- [Task brief]
Every line of the following records that includes "size" should be copied.

- [Records for this exercise]
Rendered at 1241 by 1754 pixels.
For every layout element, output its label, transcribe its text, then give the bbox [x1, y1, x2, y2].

==

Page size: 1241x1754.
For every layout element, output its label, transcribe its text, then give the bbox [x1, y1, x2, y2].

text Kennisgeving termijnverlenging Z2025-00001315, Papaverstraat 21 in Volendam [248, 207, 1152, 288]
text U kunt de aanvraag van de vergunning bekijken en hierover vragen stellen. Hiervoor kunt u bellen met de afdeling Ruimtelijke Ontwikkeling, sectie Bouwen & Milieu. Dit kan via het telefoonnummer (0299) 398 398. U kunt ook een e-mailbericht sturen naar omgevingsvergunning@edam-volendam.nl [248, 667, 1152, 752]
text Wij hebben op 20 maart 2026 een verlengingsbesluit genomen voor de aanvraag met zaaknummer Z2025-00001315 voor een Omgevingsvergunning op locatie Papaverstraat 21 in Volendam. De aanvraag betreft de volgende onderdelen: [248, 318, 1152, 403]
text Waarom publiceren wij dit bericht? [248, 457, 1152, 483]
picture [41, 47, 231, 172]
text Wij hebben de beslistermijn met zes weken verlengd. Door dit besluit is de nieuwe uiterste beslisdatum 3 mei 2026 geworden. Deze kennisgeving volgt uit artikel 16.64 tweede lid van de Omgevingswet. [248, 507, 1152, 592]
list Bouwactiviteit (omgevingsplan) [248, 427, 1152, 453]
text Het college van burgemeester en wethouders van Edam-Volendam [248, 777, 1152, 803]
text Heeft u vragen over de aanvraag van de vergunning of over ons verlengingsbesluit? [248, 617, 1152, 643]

--

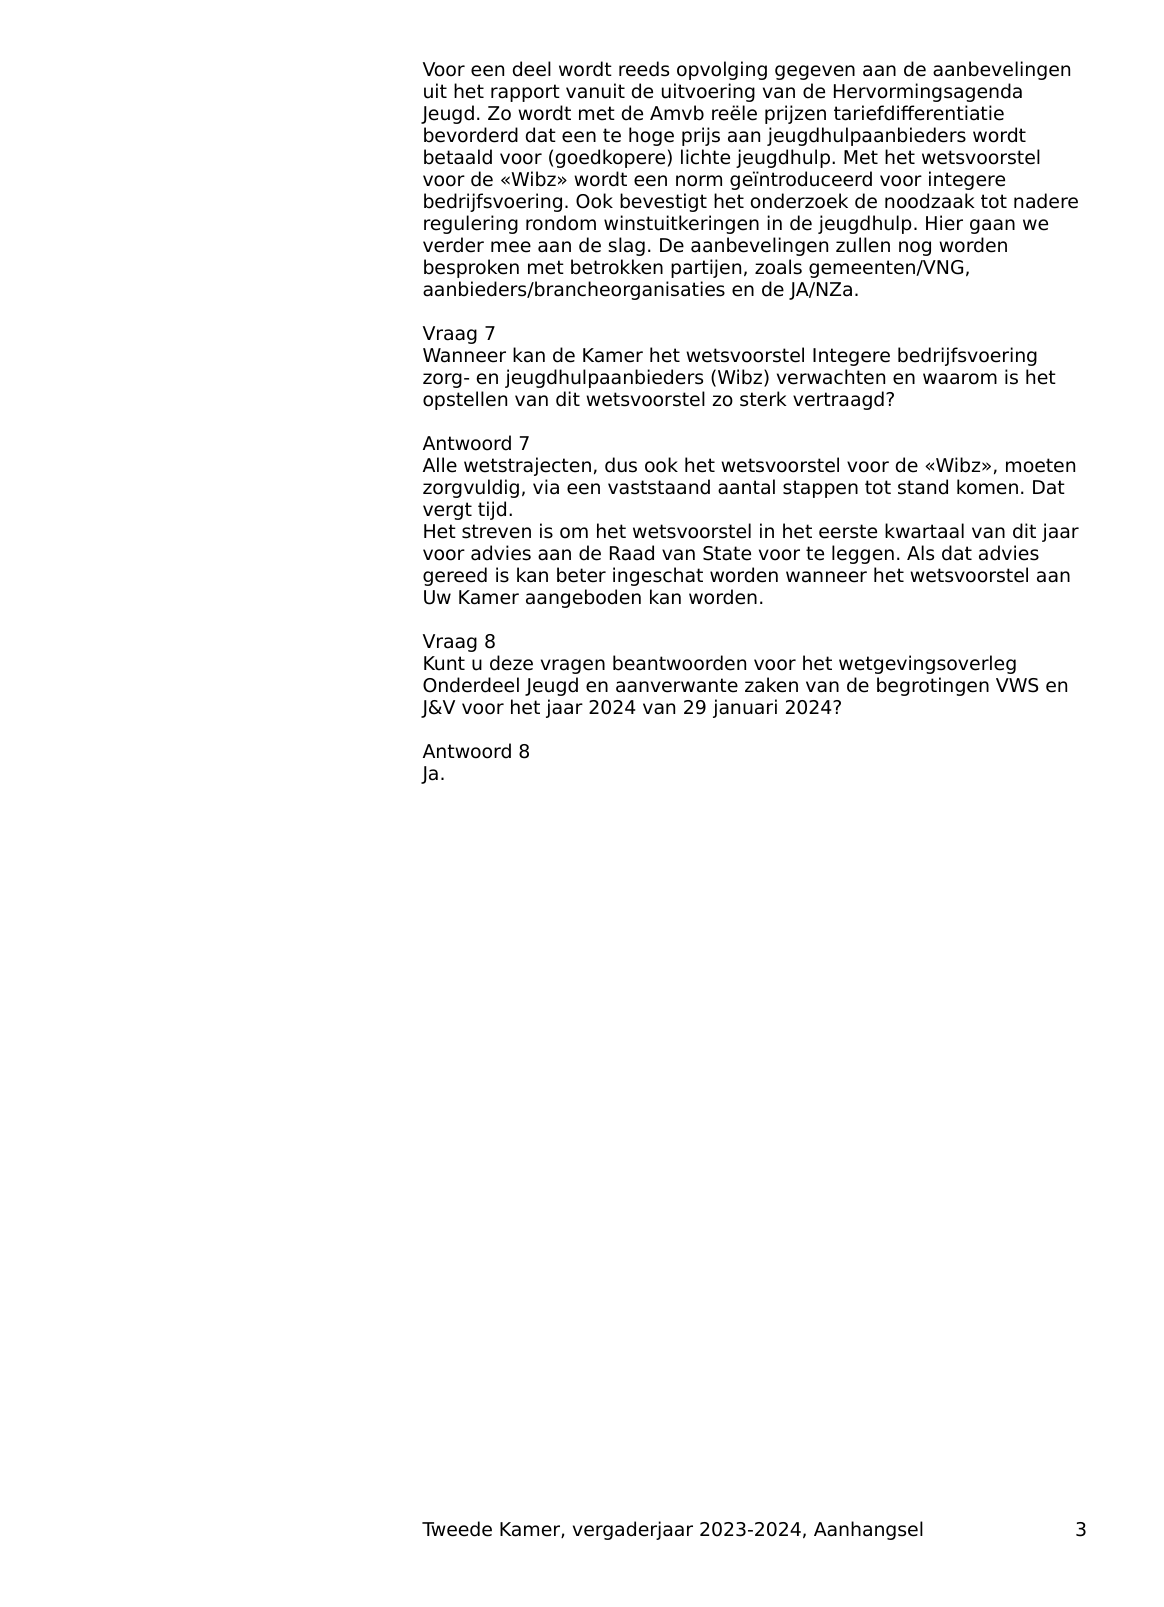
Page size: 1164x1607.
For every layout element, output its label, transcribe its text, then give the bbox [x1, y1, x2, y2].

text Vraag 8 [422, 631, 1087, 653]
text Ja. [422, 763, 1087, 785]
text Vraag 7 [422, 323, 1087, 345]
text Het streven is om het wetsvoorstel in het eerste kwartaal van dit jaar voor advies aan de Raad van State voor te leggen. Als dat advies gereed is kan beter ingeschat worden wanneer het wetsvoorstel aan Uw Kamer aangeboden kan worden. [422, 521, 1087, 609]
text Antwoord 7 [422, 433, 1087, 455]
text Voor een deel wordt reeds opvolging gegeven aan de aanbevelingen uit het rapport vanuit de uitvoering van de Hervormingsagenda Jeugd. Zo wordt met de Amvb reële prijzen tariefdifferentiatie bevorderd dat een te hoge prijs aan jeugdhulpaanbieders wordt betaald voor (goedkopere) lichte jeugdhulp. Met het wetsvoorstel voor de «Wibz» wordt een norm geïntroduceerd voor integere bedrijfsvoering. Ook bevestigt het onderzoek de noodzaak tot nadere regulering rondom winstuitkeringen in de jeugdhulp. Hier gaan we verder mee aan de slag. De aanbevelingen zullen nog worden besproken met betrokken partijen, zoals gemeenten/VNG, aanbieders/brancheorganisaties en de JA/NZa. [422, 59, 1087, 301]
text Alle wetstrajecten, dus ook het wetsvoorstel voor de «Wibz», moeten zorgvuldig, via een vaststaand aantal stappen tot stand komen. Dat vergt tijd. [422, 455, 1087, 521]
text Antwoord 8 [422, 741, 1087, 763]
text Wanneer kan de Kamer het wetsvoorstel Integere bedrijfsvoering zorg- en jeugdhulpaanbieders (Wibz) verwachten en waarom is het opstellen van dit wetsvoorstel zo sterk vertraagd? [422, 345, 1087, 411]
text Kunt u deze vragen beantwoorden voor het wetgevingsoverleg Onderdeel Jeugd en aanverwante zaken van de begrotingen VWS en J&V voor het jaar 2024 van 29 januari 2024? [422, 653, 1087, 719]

- [Exercise result]
Page size: 1241x1754.
Page size: 1164x1607.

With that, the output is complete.